Although I was trying to exclude foreign-language articles, I also excluded a bunch of foreign words. One reason was that it was a check on whether I missed any foreign-language articles. Another was that if I didn’t do this, then articles that had extensive quotation from foreign languages would be seen by the model as being in their own distinctive topic merely in virtue of having non-English quotations. And that seemed wrong. So to fix it, I excluded these words:
- auch, aussi, autre, cette, diese, haben, leur, soit, toute, peut, noch, habe, wenn, einem, doch, durch, kann, comme, aber, mais, nur, wird, wie, sont, ich, dieser, oder, avec, une, werden, bien, sie, auf, einer, dans, dass, esta, nicht, entre, uns, ont, que, wir, nach, einen, como, esprit, seine, elles, fait, elle, eine, lui, selbst, aus, deux, vom, pensee, schon, zum, nin, propre, les, pour, espace, las, una, amour, sind, etre, ueber, biran, das, bei, qui, temps, mich, alcan, sich, ein, zur, idee, welt, philosophique, mir, vie, homme, ces, maupertuis, leipzig, als, essai, del, sens, hier, monde, und, histoire, soi, por, des, den, bachelard, logique, sans, meyerson, filosofia, bourgeois, sein, philosophie, ist, meiner, zeit, raison, tarde, begriff, los, theorie, dem, der, pas, revue, uber, veblen, mas, weil, ser, philosophische, psychologie, milieu, geschichte, sur, dire, ses, une, les, que, est, etc
Finally, I excluded a bunch of words that seemed to turn up primarily in bibliographies or in text citations. Including them seemed to just make the model be more sensitive to the referencing style of the journal rather than the content. But here the deletions really did cost some content, because some of the words were philosophically relevant. But I deleted them because they seemed to be turning up more often in bibliographies than in text:
- doi, proceedings, review, journal, press, compilation, compilation, editors, supplementary, quarterly, aristotelian, kegan, dordrecht, minnesota, reidel, edu, stanford, oxford, cambridge, basil, blackwell, thanks, cit, mit, eds, loc, york, university, nous, chicago, clarendon, edited
The surprising one there is compilation. But it most often appears because some journals have a footer saying “Journal compilation ©”.

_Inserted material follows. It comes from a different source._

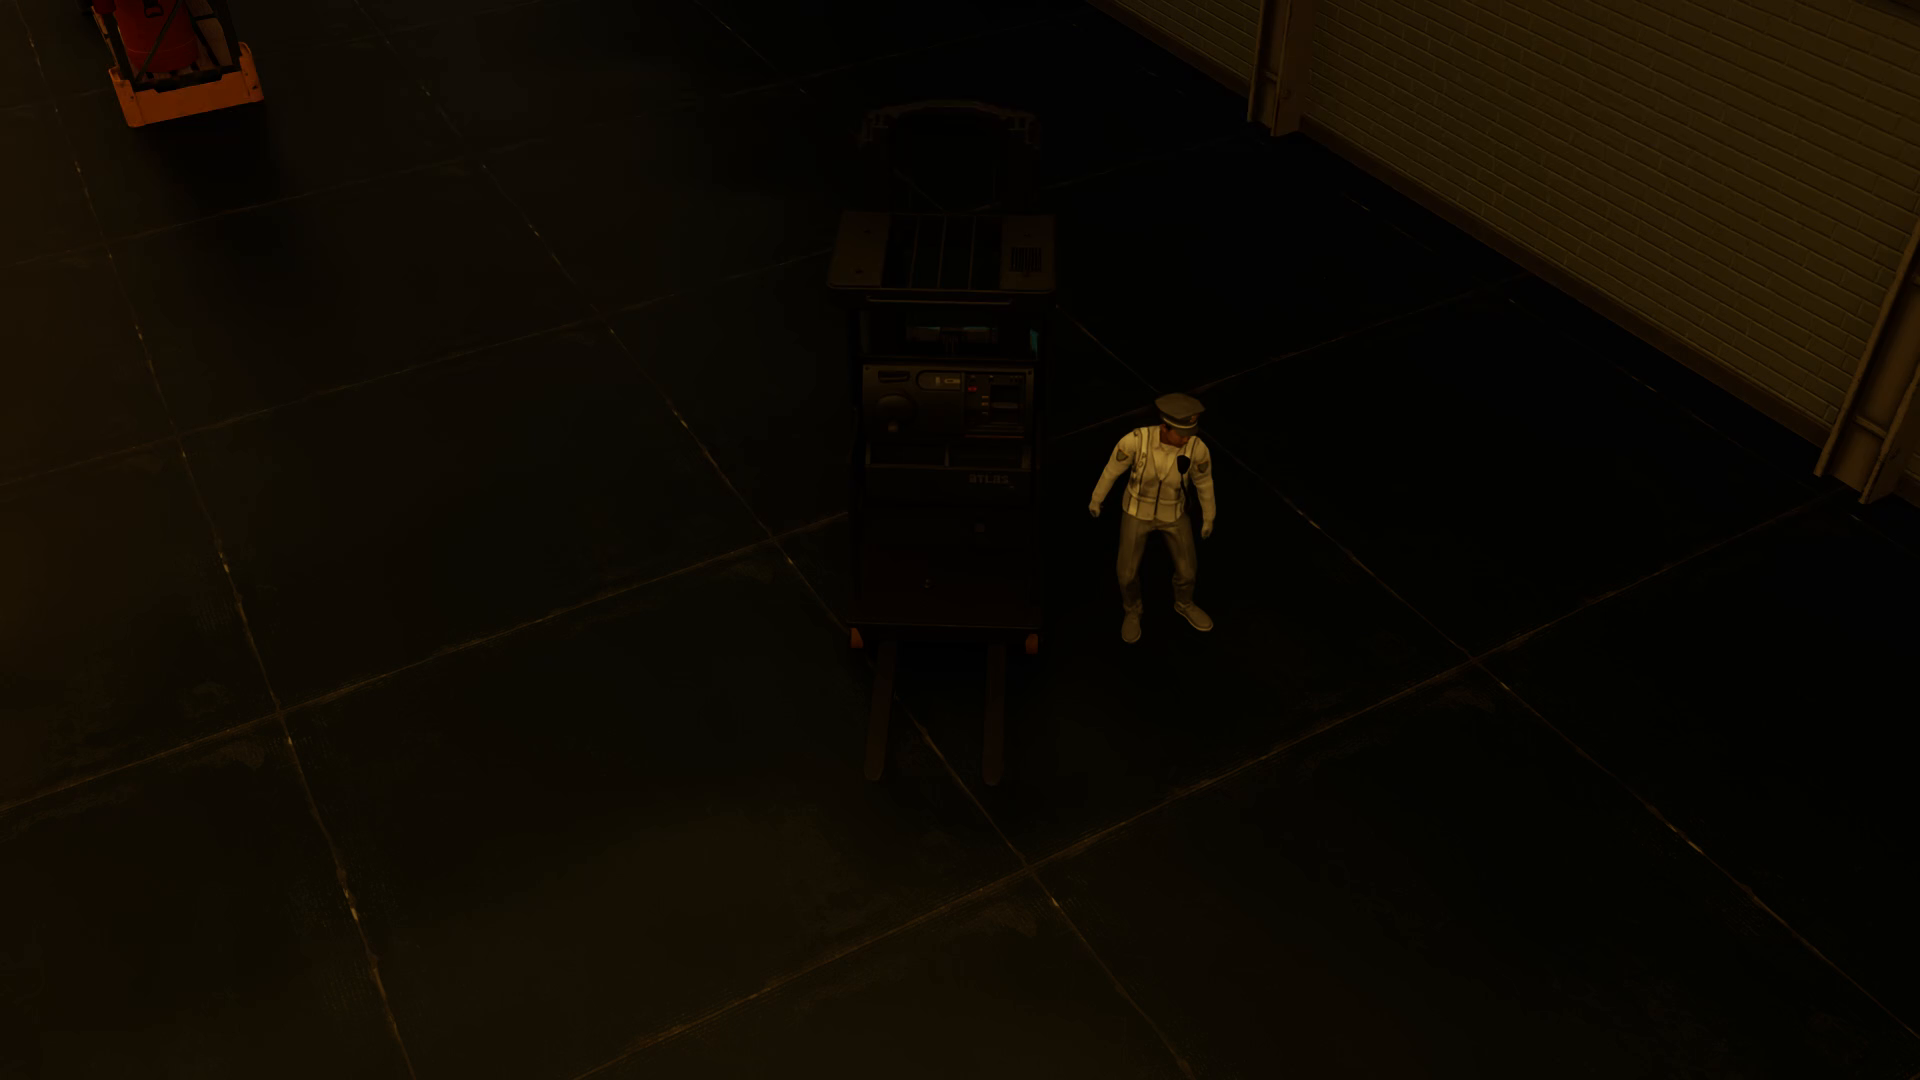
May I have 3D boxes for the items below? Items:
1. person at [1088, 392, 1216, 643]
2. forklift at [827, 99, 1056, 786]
[{"bbox_3d":[1.095,-0.130,9.233,0.768,1.632,0.369,4,40,5],"label":"person"},{"bbox_3d":[-0.072,-0.683,8.859,1.130,2.935,3.031,2,40,2],"label":"forklift"}]

Then to speed up processing, I deleted any word that appeared in any article three times or less This lost some content, but it sped up the processing a lot. Some of the steps I’ll describe below took several days computing time. Without this restriction they would have taken several weeks. And I thought words that appear one to three times in an article shouldn’t be that significant for determining its content. Though as I’ll note below, this might have been too aggressive in retrospect.